My past mistakes and failures made me feel jaded but I don't dwell. I have learned to pick myself up with the help of my family and friends. That's why it is important to keep ourselves surrounded with people who loves us unconditionally.
I have also realized the wisdom in being mindful, of being present in the here and now. Sometimes we get so caught up in our daily routines that we forget what is important and what our goals and priorities are. And then we realize, time has passed us by so fleetingly. That's why I started this blog and hope to sustain it. I try to be as honest as possible even though, as my husband puts it, some of my posts contemplate despair and he doesn't like it. I don't really care.
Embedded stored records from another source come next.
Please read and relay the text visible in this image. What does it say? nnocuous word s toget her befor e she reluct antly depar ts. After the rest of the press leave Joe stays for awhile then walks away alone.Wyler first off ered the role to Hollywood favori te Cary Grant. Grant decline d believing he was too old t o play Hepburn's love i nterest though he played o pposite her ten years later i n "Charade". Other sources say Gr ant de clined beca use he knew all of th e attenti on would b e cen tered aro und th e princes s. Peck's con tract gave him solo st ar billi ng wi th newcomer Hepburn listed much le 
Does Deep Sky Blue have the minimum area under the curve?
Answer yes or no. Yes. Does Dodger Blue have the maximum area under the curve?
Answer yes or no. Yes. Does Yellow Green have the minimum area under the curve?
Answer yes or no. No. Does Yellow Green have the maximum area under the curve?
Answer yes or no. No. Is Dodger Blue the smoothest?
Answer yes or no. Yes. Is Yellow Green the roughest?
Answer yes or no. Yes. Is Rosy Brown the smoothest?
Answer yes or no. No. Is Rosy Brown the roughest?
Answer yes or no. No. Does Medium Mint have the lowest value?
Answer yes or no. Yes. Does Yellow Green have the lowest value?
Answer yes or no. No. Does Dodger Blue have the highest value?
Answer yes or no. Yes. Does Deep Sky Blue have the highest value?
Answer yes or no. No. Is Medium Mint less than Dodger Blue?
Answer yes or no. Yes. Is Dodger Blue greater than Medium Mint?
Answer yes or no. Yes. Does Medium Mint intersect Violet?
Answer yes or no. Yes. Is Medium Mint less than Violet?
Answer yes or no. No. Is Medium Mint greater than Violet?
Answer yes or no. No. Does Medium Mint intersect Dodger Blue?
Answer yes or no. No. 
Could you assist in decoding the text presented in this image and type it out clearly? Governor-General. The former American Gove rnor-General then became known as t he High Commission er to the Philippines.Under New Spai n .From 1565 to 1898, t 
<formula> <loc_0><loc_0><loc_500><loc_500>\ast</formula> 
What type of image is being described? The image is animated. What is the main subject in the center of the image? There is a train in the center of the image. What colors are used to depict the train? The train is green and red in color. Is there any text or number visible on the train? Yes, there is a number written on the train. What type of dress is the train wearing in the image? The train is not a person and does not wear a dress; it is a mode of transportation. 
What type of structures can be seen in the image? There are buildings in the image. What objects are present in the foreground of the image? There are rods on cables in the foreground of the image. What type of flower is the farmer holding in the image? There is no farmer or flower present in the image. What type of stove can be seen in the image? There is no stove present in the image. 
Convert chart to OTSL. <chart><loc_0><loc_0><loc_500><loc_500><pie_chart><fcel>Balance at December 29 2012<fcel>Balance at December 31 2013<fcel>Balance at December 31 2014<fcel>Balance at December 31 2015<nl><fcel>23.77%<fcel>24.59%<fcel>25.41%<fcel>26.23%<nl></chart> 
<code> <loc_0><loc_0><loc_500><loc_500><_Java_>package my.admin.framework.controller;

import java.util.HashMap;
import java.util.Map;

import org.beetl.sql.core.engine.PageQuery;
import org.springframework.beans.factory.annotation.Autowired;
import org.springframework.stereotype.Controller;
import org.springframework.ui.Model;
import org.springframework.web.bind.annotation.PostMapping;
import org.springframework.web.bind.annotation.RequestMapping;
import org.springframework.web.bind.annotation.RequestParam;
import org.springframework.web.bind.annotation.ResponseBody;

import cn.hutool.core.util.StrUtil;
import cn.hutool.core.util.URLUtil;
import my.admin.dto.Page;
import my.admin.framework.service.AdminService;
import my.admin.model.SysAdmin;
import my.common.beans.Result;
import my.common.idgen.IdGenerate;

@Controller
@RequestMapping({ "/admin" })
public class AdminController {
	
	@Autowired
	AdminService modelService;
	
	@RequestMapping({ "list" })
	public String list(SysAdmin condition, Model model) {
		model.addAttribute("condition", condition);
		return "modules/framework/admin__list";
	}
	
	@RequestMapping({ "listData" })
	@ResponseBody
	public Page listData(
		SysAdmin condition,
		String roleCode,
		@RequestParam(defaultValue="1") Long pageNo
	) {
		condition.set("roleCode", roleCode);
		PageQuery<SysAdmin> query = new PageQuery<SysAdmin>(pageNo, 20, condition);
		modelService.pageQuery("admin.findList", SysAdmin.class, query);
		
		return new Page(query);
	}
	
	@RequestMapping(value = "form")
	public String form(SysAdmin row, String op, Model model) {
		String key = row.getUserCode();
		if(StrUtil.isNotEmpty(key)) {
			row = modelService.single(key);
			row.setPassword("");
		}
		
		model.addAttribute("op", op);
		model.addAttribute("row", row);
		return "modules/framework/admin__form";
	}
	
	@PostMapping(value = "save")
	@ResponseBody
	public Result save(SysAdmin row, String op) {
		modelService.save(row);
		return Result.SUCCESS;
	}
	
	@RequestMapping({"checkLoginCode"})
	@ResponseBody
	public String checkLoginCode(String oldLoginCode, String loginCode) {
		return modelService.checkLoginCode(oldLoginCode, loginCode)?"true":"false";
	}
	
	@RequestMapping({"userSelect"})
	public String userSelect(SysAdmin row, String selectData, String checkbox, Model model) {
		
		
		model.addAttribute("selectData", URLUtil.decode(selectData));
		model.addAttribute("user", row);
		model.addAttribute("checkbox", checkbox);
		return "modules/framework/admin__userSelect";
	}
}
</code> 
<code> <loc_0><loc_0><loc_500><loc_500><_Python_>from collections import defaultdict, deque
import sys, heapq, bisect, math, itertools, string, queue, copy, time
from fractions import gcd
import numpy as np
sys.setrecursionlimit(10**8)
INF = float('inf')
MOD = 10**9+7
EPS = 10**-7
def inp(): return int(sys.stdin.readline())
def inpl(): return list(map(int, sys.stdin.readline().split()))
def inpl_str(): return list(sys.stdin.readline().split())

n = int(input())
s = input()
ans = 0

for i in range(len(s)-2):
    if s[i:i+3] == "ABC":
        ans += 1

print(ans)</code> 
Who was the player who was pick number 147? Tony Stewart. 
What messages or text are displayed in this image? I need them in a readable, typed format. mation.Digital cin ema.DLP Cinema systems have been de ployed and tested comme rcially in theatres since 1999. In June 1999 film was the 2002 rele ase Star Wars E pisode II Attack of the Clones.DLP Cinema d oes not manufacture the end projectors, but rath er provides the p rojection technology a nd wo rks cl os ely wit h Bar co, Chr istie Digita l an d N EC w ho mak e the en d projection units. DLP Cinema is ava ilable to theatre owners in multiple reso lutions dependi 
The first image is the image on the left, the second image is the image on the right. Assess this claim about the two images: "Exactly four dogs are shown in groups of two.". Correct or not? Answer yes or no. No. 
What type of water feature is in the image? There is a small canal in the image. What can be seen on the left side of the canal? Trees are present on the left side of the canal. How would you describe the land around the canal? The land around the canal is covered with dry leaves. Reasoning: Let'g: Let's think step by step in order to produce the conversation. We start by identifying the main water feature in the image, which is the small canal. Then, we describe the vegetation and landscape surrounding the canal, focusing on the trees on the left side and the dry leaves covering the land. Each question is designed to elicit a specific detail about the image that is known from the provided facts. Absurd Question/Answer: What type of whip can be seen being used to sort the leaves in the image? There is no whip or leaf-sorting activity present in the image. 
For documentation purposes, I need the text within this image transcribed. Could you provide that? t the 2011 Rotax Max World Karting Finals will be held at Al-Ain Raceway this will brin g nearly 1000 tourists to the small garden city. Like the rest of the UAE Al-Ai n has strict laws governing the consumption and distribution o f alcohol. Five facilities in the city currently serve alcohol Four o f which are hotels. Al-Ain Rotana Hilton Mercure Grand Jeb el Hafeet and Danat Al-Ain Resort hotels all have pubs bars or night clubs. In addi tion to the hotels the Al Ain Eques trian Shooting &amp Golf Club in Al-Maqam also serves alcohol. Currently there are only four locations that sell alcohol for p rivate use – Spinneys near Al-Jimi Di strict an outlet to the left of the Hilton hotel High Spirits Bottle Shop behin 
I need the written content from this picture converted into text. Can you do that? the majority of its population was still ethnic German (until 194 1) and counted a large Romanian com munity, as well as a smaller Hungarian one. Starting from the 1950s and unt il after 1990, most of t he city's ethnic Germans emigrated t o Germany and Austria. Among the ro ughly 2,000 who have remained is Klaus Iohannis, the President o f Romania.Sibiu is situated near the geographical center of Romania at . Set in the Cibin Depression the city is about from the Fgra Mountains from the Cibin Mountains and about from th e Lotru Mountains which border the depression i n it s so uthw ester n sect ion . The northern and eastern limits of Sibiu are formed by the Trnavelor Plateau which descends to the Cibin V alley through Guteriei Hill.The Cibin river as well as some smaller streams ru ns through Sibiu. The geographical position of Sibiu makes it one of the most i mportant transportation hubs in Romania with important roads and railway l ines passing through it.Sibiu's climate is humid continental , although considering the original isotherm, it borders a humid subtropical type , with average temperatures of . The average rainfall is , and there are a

The idea of the blog is for me to understand myself better, not to please or appease other people or project a perfect life.
I no longer feel as nervous in interviews as I used to. I'm more confident, which I think stems from knowing myself better. It helped that I have gone through a tough interview process in one dream job more than a year ago. I did not get the job but I got off with bits of wisdom and yet another learning experience. That's what failures are for. Hopefully, I will find time to write and share those learnings.
I have learned to ask questions and to negotiate. I used to just accept what is offered and try to make things easy. I guess, with age and experience, we learn to fight for what we think we deserve.
It feels really good to have choices and to be reaffirmed of my value as a person. The events of last week have sparked a fire in me to be better in what I do, to have goals and to dream big dreams again, without thinking one bit of winning in the lottery.
Maybe I've changed. Maybe, I'm done overindulging myself . I'm gearing (again) for some excitement, and I know for sure, troubles. The only difference is I now have the benefit of hindsight. In the coming days, you'll surely hear some rants and hopefully, optimistically, some dreams coming true.